**Aim of the task:** Please give back only the lines below from the one containing "List each element's" to the one containing "text which, compared", each repeated word for word, both ends included.

**The data:**
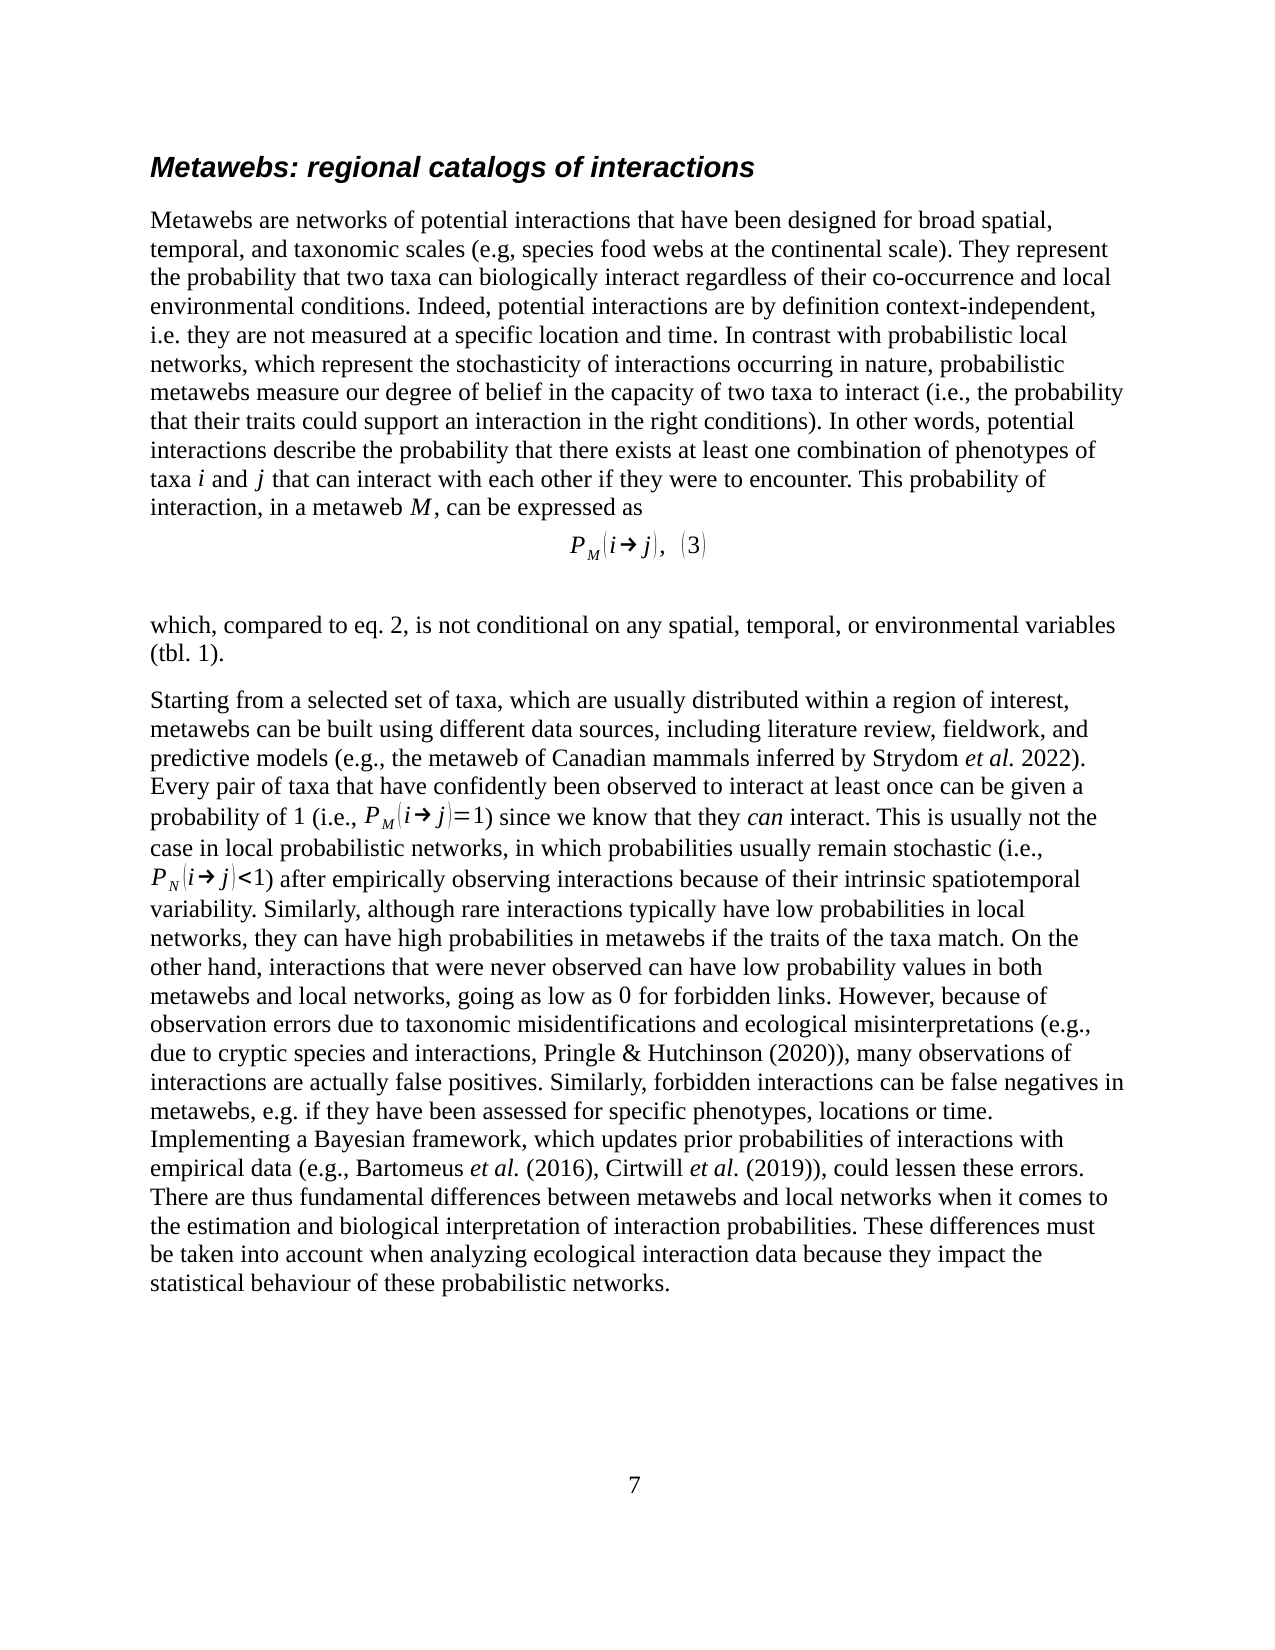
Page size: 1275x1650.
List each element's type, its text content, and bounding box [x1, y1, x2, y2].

text which, compared to eq. 2, is not conditional on any spatial, temporal, or environmental variables (tbl. 1). [150, 610, 1125, 667]
text Starting from a selected set of taxa, which are usually distributed within a region of interest, metawebs can be built using different data sources, including literature review, fieldwork, and predictive models (e.g., the metaweb of Canadian mammals inferred by Strydom et al. 2022). Every pair of taxa that have confidently been observed to interact at least once can be given a probability of (i.e., ) since we know that they can interact. This is usually not the case in local probabilistic networks, in which probabilities usually remain stochastic (i.e., ) after empirically observing interactions because of their intrinsic spatiotemporal variability. Similarly, although rare interactions typically have low probabilities in local networks, they can have high probabilities in metawebs if the traits of the taxa match. On the other hand, interactions that were never observed can have low probability values in both metawebs and local networks, going as low as for forbidden links. However, because of observation errors due to taxonomic misidentifications and ecological misinterpretations (e.g., due to cryptic species and interactions, Pringle & Hutchinson (2020)), many observations of interactions are actually false positives. Similarly, forbidden interactions can be false negatives in metawebs, e.g. if they have been assessed for specific phenotypes, locations or time. Implementing a Bayesian framework, which updates prior probabilities of interactions with empirical data (e.g., Bartomeus et al. (2016), Cirtwill et al. (2019)), could lessen these errors. There are thus fundamental differences between metawebs and local networks when it comes to the estimation and biological interpretation of interaction probabilities. These differences must be taken into account when analyzing ecological interaction data because they impact the statistical behaviour of these probabilistic networks. [150, 685, 1125, 1297]
text Metawebs are networks of potential interactions that have been designed for broad spatial, temporal, and taxonomic scales (e.g, species food webs at the continental scale). They represent the probability that two taxa can biologically interact regardless of their co-occurrence and local environmental conditions. Indeed, potential interactions are by definition context-independent, i.e. they are not measured at a specific location and time. In contrast with probabilistic local networks, which represent the stochasticity of interactions occurring in nature, probabilistic metawebs measure our degree of belief in the capacity of two taxa to interact (i.e., the probability that their traits could support an interaction in the right conditions). In other words, potential interactions describe the probability that there exists at least one combination of phenotypes of taxa and that can interact with each other if they were to encounter. This probability of interaction, in a metaweb , can be expressed as [150, 205, 1125, 521]
subtitle Metawebs: regional catalogs of interactions [150, 150, 1125, 183]

**Written answer:**
List each element's type, its text content, and bounding box [x1, y1, x2, y2].

text which, compared to eq. 2, is not conditional on any spatial, temporal, or environmental variables (tbl. 1). [150, 610, 1125, 667]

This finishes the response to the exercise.